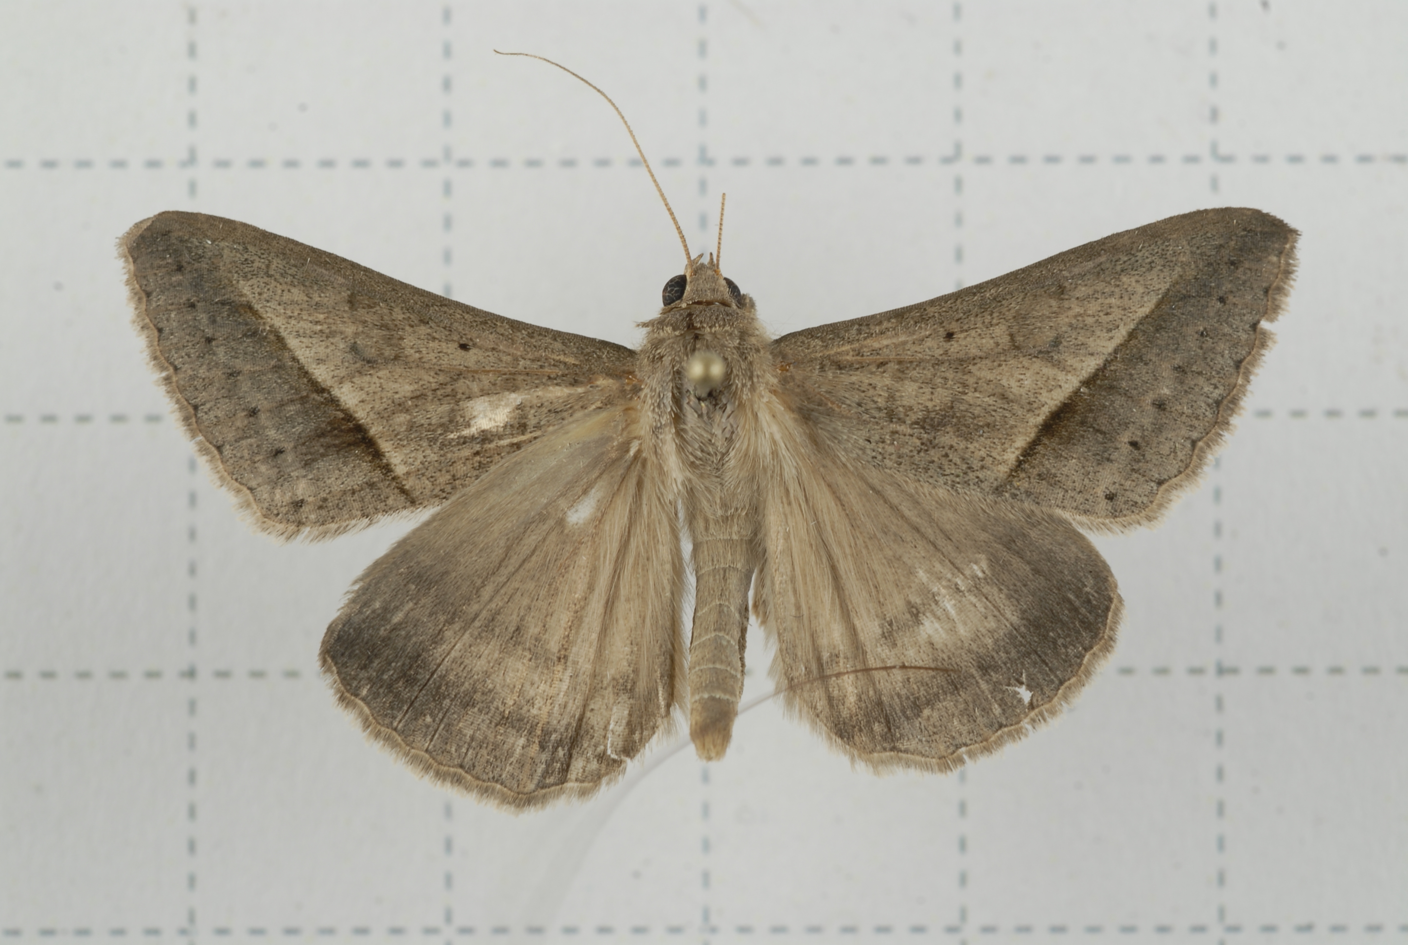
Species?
Mocis frugalis
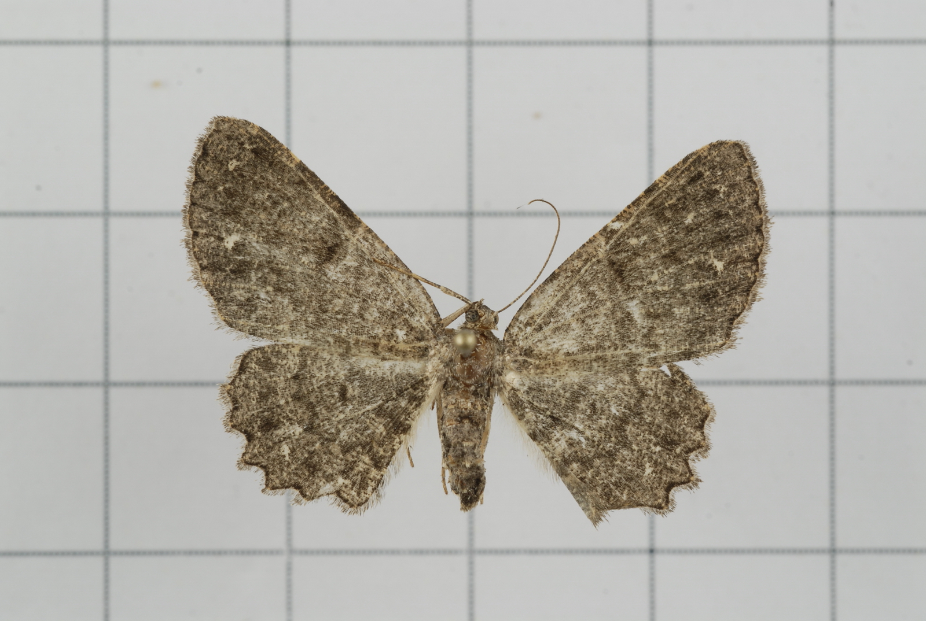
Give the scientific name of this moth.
Abaciscus alishanensis
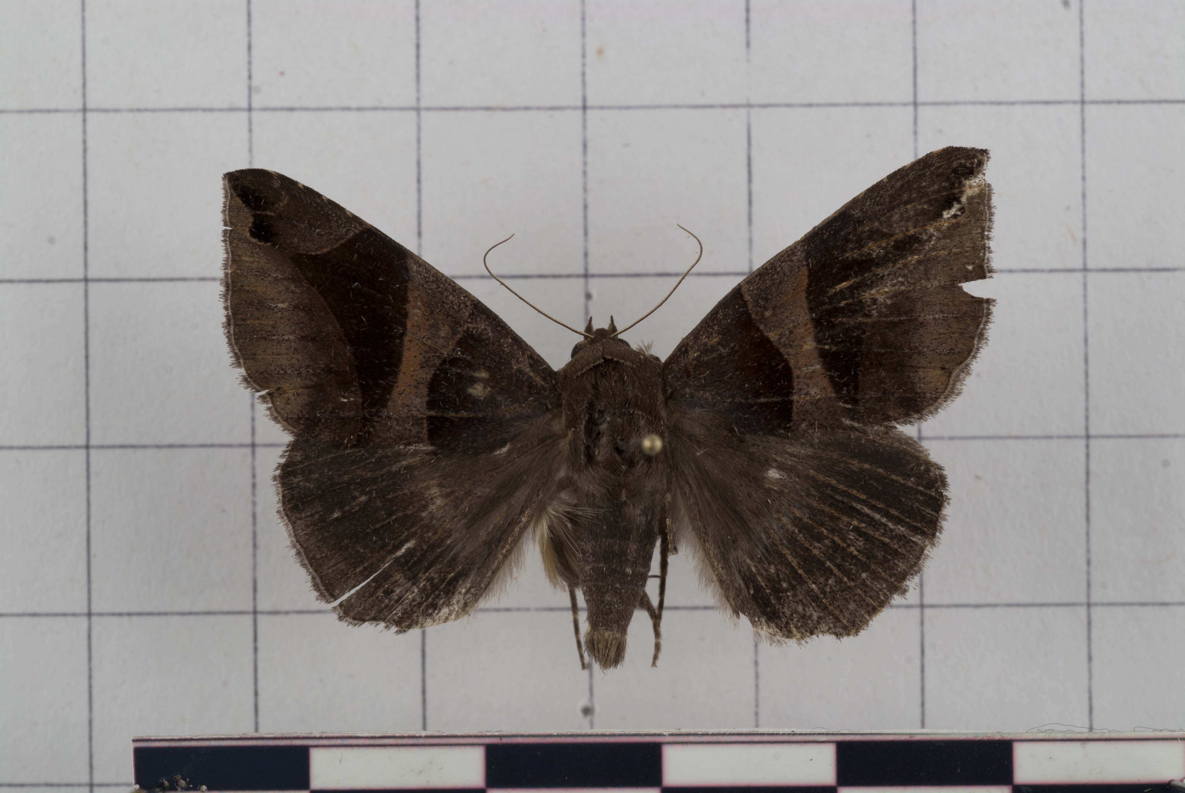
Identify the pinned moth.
Bastilla arcuata

---

**Required action:**
When the listing is transcribed, every line must match the original exactly, and the pictures must be left out.

**Exercise result:**
Species?
Mocis frugalis
Give the scientific name of this moth.
Abaciscus alishanensis
Identify the pinned moth.
Bastilla arcuata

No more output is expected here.